### Records for this exercise

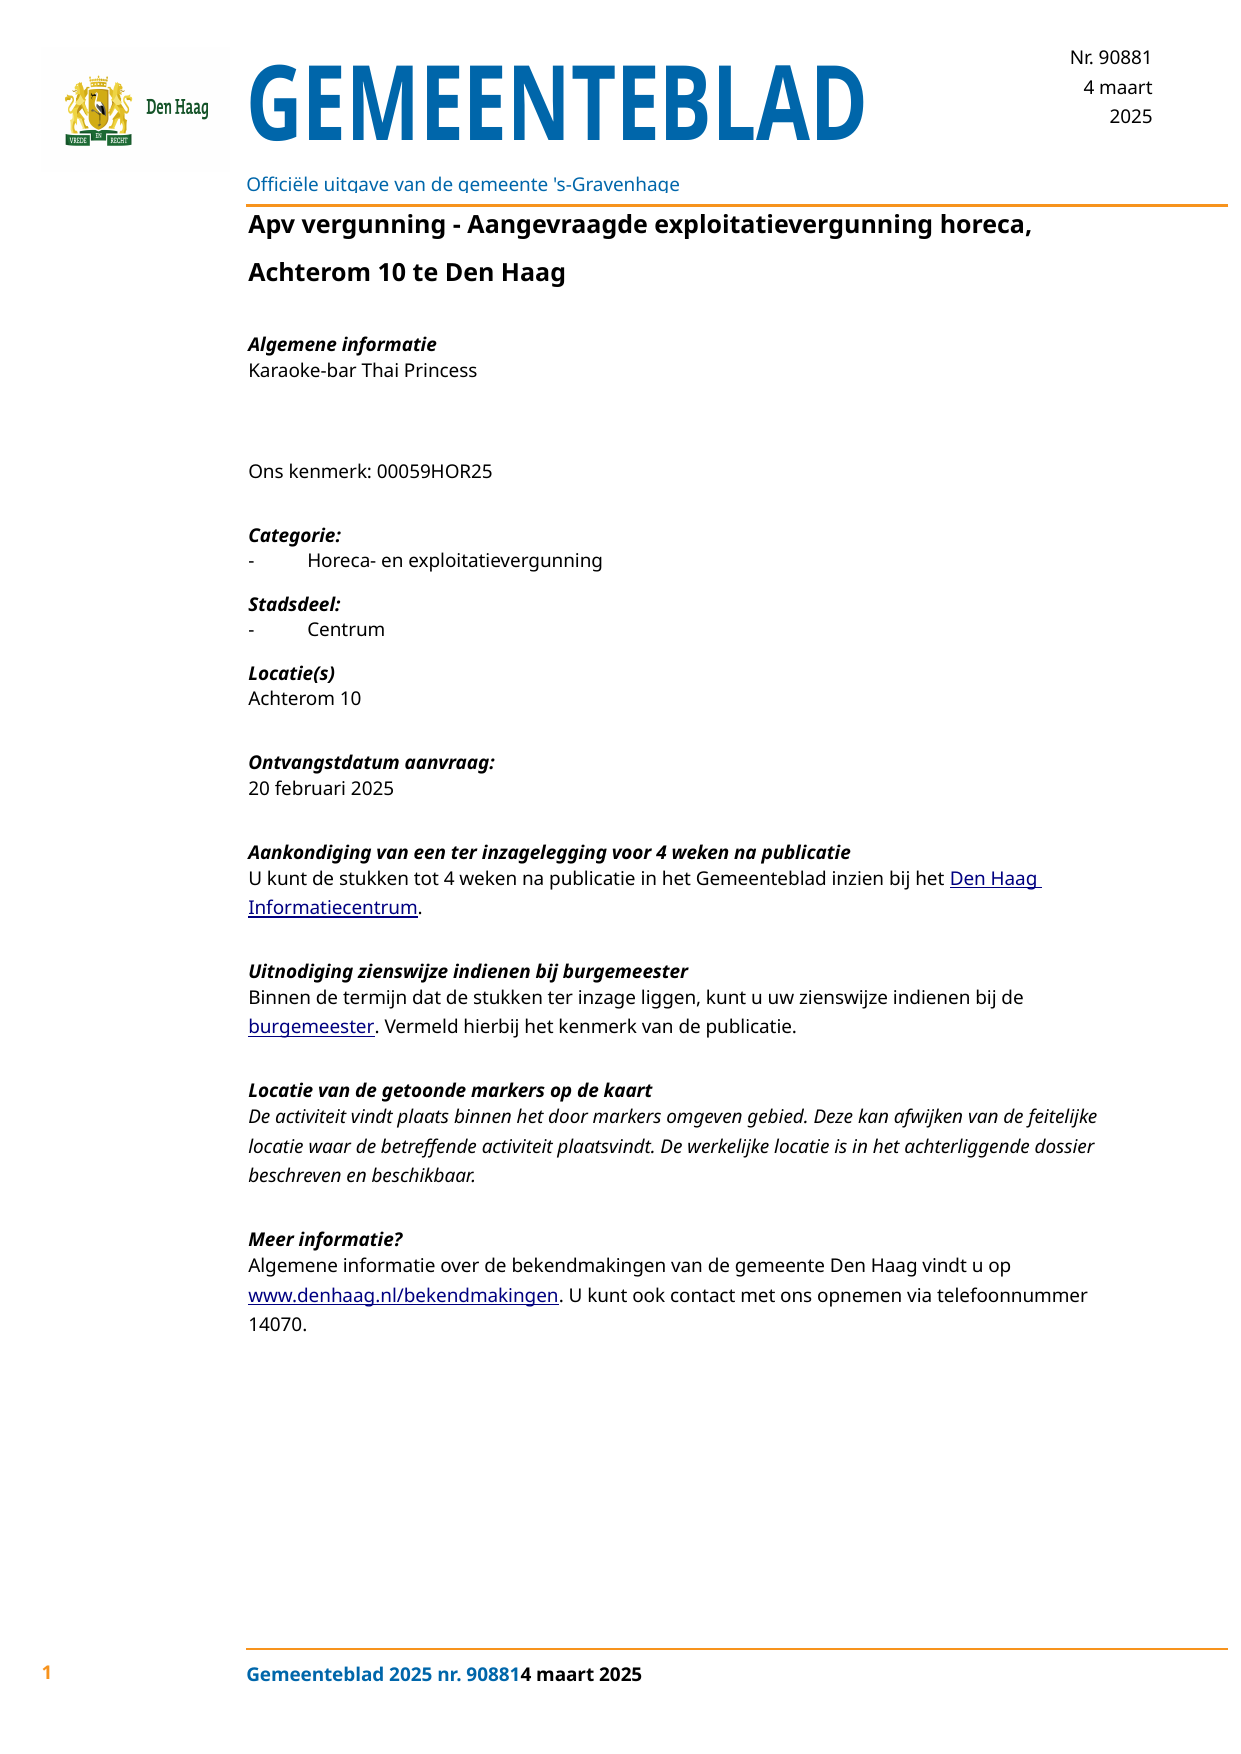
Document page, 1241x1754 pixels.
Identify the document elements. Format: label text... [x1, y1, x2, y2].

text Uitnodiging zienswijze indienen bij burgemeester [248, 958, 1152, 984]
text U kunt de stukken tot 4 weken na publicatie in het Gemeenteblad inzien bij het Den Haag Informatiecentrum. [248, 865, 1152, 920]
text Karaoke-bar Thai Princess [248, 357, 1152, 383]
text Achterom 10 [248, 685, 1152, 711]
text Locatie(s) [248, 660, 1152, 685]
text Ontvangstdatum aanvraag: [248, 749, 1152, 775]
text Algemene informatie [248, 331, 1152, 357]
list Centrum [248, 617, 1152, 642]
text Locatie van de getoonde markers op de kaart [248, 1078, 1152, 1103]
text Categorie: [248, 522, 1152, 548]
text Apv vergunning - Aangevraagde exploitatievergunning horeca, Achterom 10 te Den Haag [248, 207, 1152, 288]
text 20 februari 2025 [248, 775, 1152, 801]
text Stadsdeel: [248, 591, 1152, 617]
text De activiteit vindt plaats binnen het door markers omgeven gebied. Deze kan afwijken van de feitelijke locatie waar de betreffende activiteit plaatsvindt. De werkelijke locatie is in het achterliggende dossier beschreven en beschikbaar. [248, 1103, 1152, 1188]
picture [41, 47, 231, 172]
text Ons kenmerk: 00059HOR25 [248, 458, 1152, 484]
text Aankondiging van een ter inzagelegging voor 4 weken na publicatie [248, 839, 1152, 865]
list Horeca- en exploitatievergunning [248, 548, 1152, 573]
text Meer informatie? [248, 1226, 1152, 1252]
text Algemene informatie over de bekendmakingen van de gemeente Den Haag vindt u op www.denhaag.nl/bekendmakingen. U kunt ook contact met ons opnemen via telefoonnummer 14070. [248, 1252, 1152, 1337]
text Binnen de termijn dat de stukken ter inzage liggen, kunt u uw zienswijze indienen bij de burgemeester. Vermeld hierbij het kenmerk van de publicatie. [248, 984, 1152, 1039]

==

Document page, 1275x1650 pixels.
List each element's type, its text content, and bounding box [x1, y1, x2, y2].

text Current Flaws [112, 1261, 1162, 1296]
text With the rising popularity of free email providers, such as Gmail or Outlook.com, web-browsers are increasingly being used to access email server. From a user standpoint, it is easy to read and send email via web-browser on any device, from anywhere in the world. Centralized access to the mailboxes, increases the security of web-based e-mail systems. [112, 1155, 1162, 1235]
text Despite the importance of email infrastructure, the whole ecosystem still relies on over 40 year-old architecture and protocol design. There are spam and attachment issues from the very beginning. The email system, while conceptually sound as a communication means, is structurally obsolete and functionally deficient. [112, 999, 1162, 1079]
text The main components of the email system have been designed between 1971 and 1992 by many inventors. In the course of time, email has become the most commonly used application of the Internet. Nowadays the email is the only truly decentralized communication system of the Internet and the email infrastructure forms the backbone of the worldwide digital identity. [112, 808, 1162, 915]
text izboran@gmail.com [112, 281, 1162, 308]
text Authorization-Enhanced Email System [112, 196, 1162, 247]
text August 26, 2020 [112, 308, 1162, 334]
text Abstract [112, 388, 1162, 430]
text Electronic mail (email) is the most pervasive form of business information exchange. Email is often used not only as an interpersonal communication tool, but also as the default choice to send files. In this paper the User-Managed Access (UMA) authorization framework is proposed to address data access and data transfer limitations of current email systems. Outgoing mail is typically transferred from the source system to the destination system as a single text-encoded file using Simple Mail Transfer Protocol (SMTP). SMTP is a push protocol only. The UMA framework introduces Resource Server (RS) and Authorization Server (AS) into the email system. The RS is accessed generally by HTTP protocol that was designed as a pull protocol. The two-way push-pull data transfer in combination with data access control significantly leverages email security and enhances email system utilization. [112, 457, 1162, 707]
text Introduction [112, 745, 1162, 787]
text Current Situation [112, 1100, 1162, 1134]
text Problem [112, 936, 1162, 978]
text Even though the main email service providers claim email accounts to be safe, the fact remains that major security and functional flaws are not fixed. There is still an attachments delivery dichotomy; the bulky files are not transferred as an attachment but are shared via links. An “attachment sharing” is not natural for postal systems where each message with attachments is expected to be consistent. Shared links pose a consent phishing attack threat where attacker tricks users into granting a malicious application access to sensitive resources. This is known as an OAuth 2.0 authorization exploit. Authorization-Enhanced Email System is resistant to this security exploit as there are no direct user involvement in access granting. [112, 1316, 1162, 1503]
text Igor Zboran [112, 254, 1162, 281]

* * *

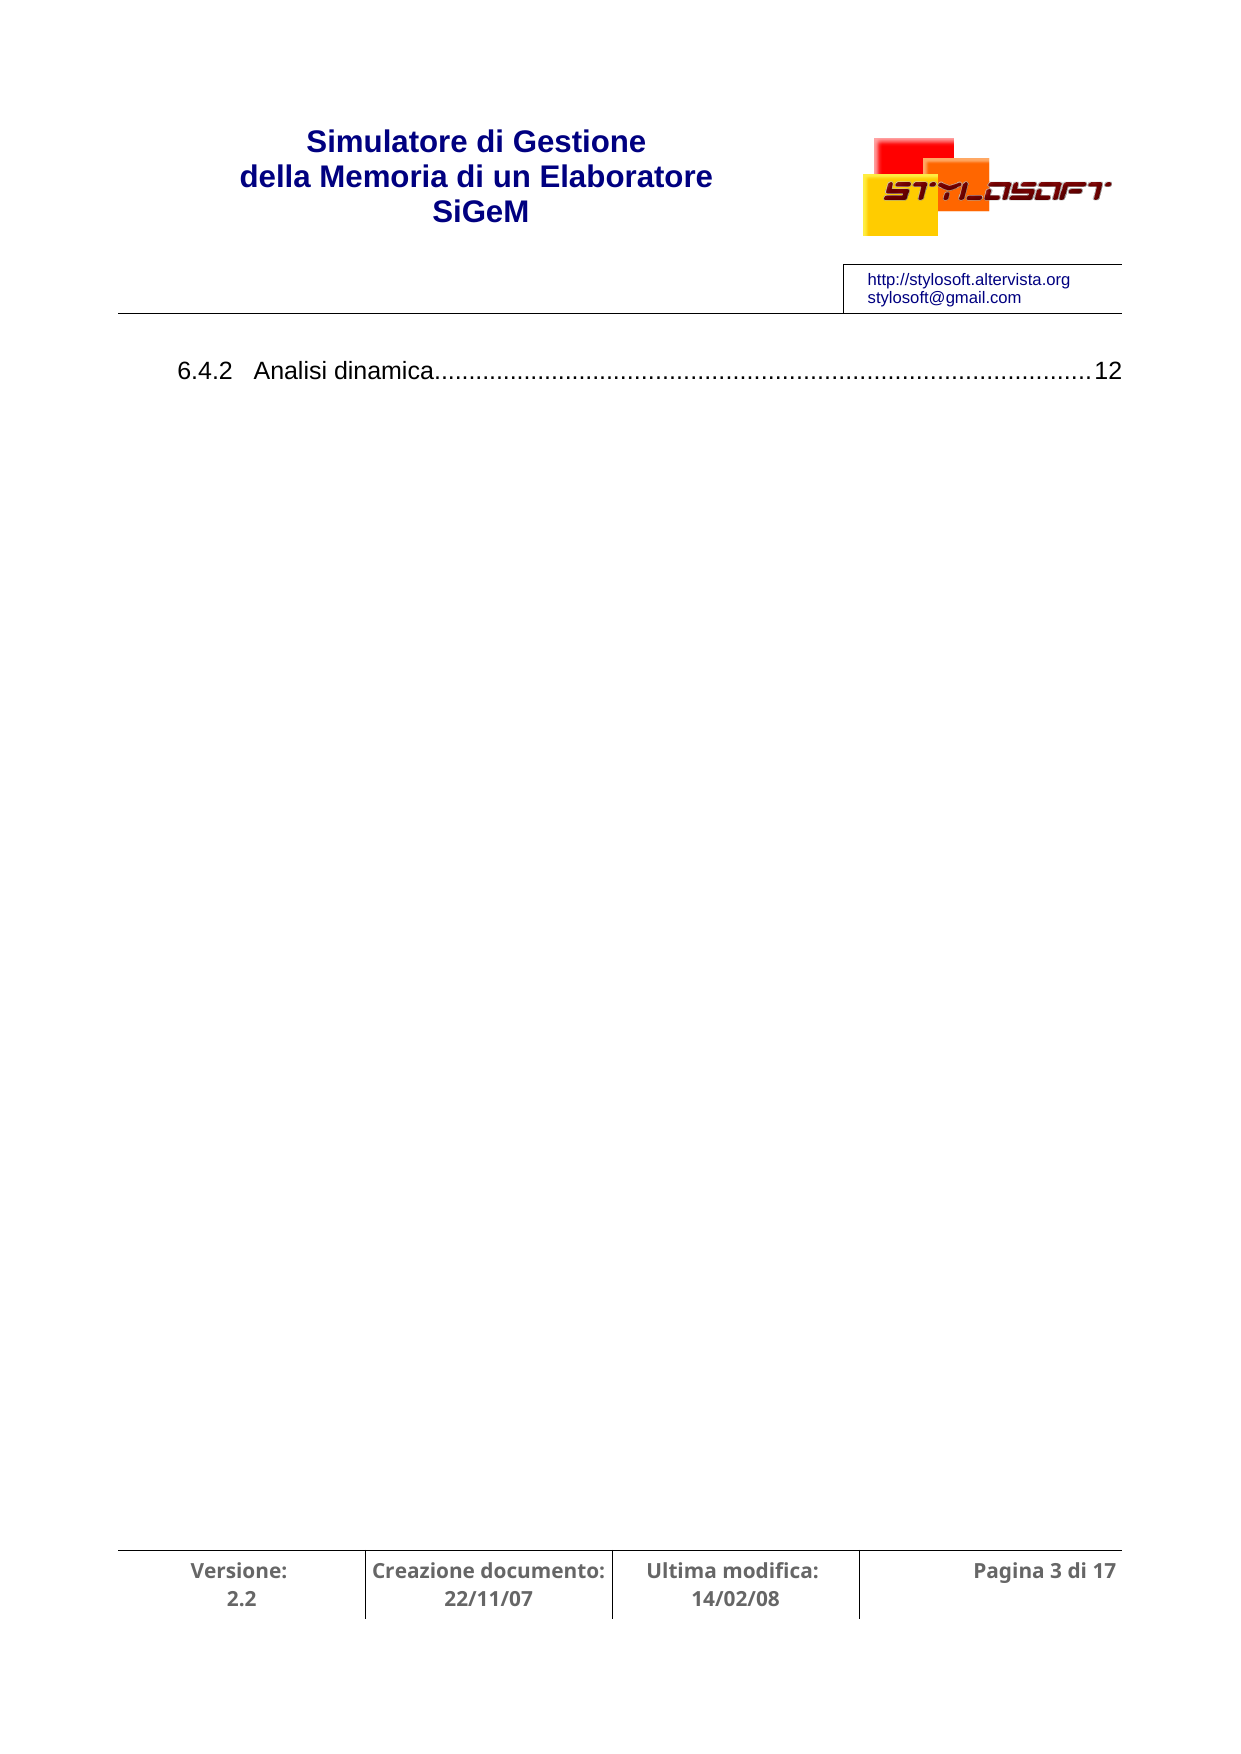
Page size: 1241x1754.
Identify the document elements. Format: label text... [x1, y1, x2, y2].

### Your task
In the records above, some lines hold the word "pixels"; copy each such line.

### Solution to this exercise
Document page, 1241x1754 pixels.
Document page, 1275x1650 pixels.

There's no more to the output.